Worse, he calculates that while he only models €2.9bn in litigation charges over 2H16-2017 - far less than the $14 billion settlement figure proposed by the DOJ - and includes a successful disposal of a 70% stake in Postbank at end-2017 for 0.4x book he still only reaches a CET 1 ratio of 11.6% by end-2018, meaning the bank would have a Tier 1 capital €3bn shortfall to the company target of 12.5%, and a leverage ratio of 3.9%, resulting in an €8bn shortfall to the target of 4.5%.
He then observes that while "management should be reluctant to raise capital with the bank trading on only 0.3x P/TB", the only viable alternative is to further cut balance sheet, which would be even more detrimental to earnings. As a result, he says that "a rights issue looks inevitable, in our view."
The most direct implication from this is that the bank's AT1 coupon is now once again at risk: "Deutsche has confirmed the HXB stake sale and HGB 340 e/g reserves would lift Available Distributable Item (ADI) reserve capacity to €4.3bn versus c€0.4bn of annual AT1 coupon payments. Deutsche can potentially create another €1-2bn from releasing some of its Dividend Blocked Amounts."
This would explain the ongoing deterioration in the bank's "loss buffer" contingent convertible bonds.
Ironically, the longer DB waits to address the market's concerns, not to mention its untenable balance sheet, the worse it will get. Citi's conclusion is that the bank now faces two "negative feedback loops."

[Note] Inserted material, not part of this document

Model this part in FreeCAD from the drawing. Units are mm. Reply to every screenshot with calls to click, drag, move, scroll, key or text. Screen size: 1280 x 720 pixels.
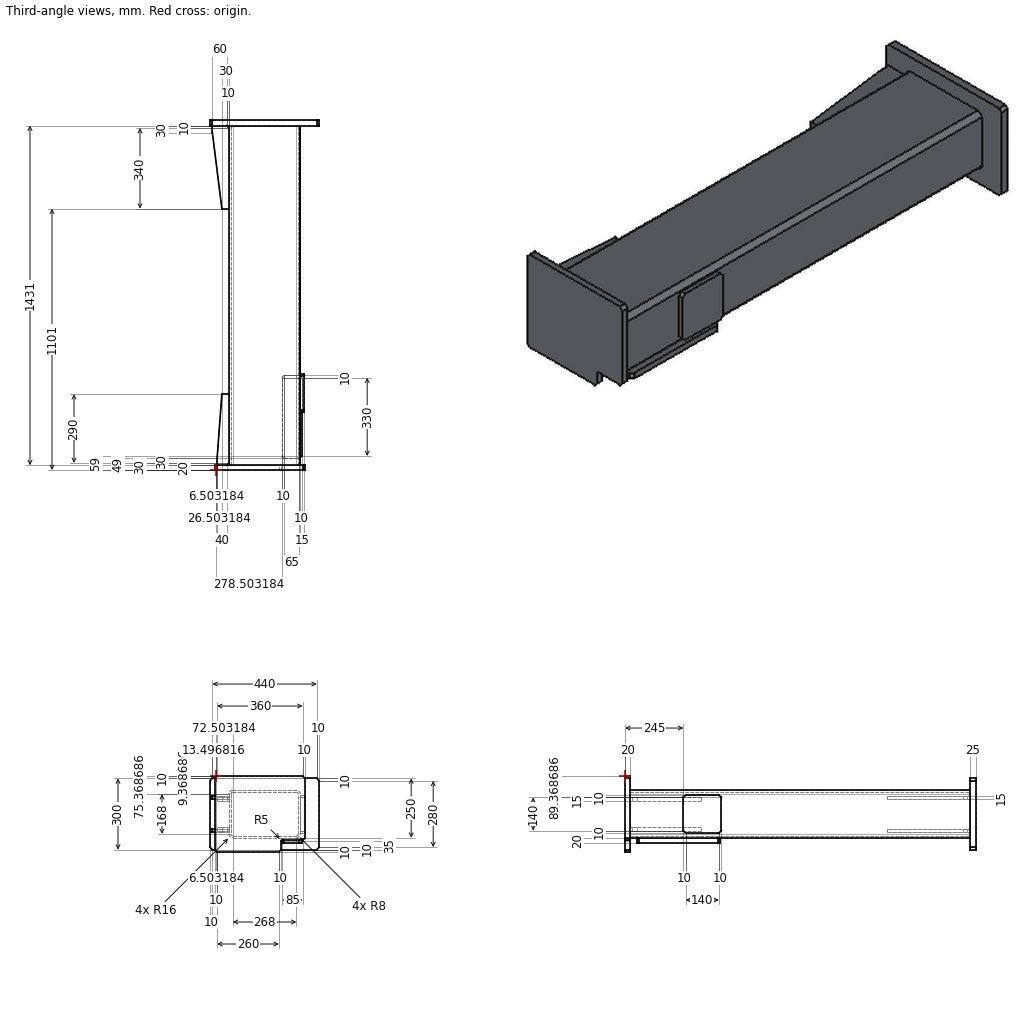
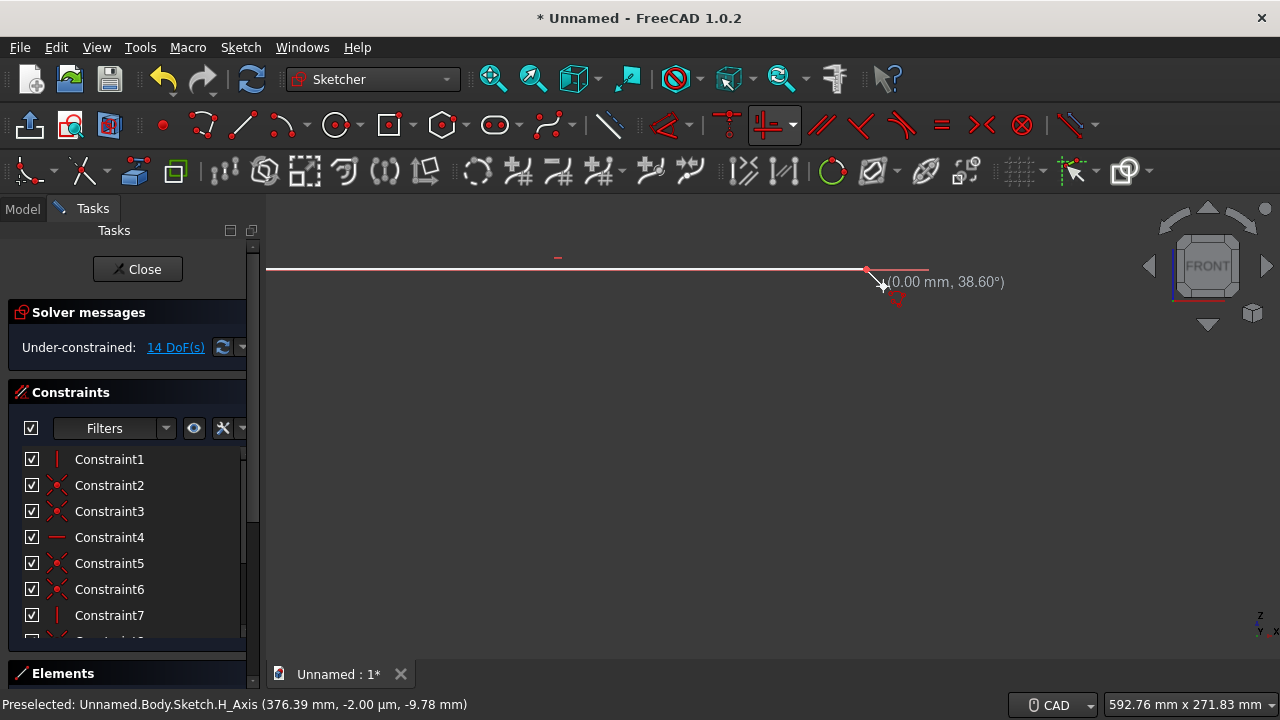
scroll(882, 285, down, 3)
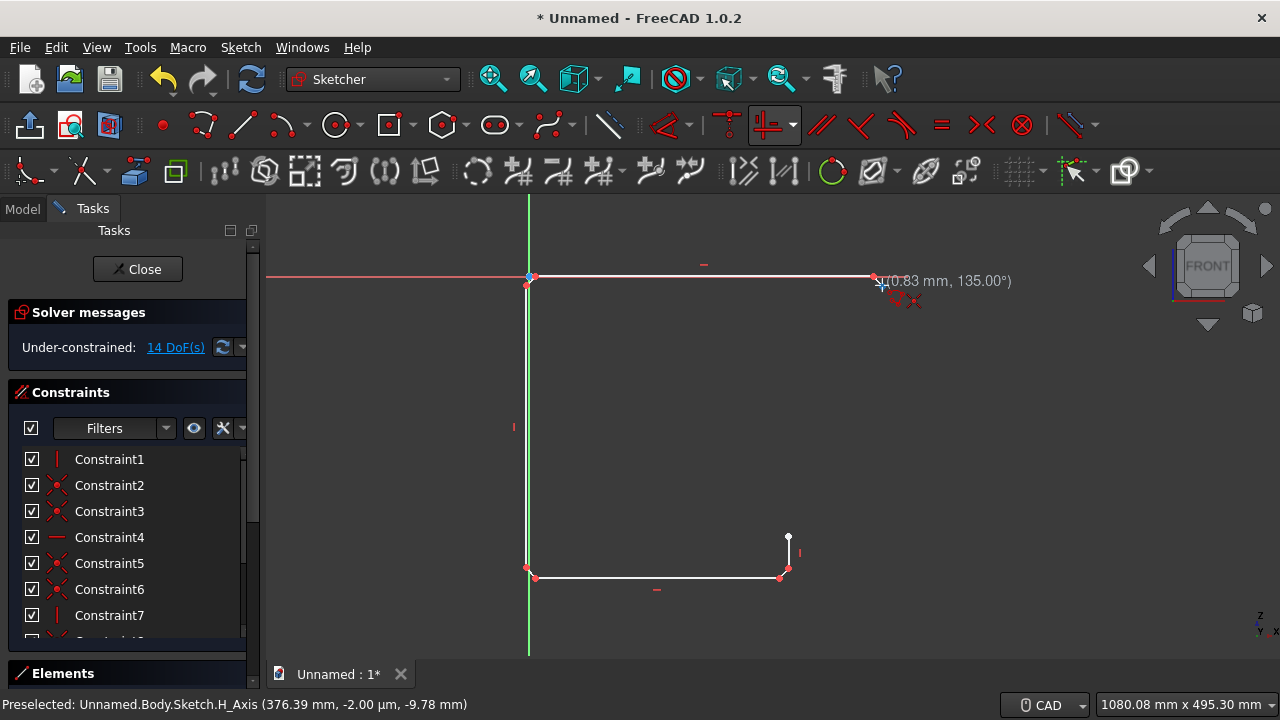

We highlight two feedback loops: one short-term and one long-term. Widening credit spreads can exacerbate market fears, result in negative press coverage and damage counterparty confidence. The February tender offer for senior debt, coupled with a solid funding and liquidity position, has helped to address this loop. However a longer-term feedback loop still exists. Deutsche needs to raise capital in our view. It may choose to wait until litigation issues have been resolved, but the further the share price falls, the more dilutive a capital raise becomes (and vice versa).
Naturally, all of the above assumes a slow-burn scenario for DB stock. What happens if what happens next is a more aggressive liquidation of exposure? Well, in that case we would have something that the Telegraph's Matthew Lynn would dub a "German banking crisis."
Our image of German banks, and the German economy, as completely rock solid is so strong that it takes a lot to persuade us they might be in trouble.
Maybe so, but a "German banking crisis" would certainly delight the Italians, who have been on the receiving end of Germany's stern lecturing about "sticking to the rules," not to mention Schauble's insistence not to engage in state-funded bailouts in this day and age of mandatory bail-ins, and explains why Merkel's party has been so careful not to admit that a bailout may ultimately be the endgame.
Then again, Merkel's stated position opens up a can of worms. As Lynn correctly notes, "if the German government does not stand behind the bank, then inevitably all its counter-parties – the other banks and institutions it deals with – are going to start feeling very nervous about trading with it. As we know from 2008, once confidence starts to evaporate, a bank is in big, big trouble. In fact, if Deutsche does go down, it is looking increasingly likely that it will take Merkel with it – and quite possibly the euro as well."
Even without counterparty risk rearing its ugly head, the market appears to already be pricing it in.
The damage can be seen in its share price. Last October, the shares were at 27 euros. Back in 2007, they were over 100 euros, and even in the spring of 2009, when banks were crashing all across the world, they were still trading at close on 17 euros. For most of this year they have been sliding fast. On Monday, they crashed again, down another 6pc. Its bonds have slumped as well, while the cost of credit default swaps – essentially a way of hedging against a collapse – have jumped. It all has a very 2008 feel to it.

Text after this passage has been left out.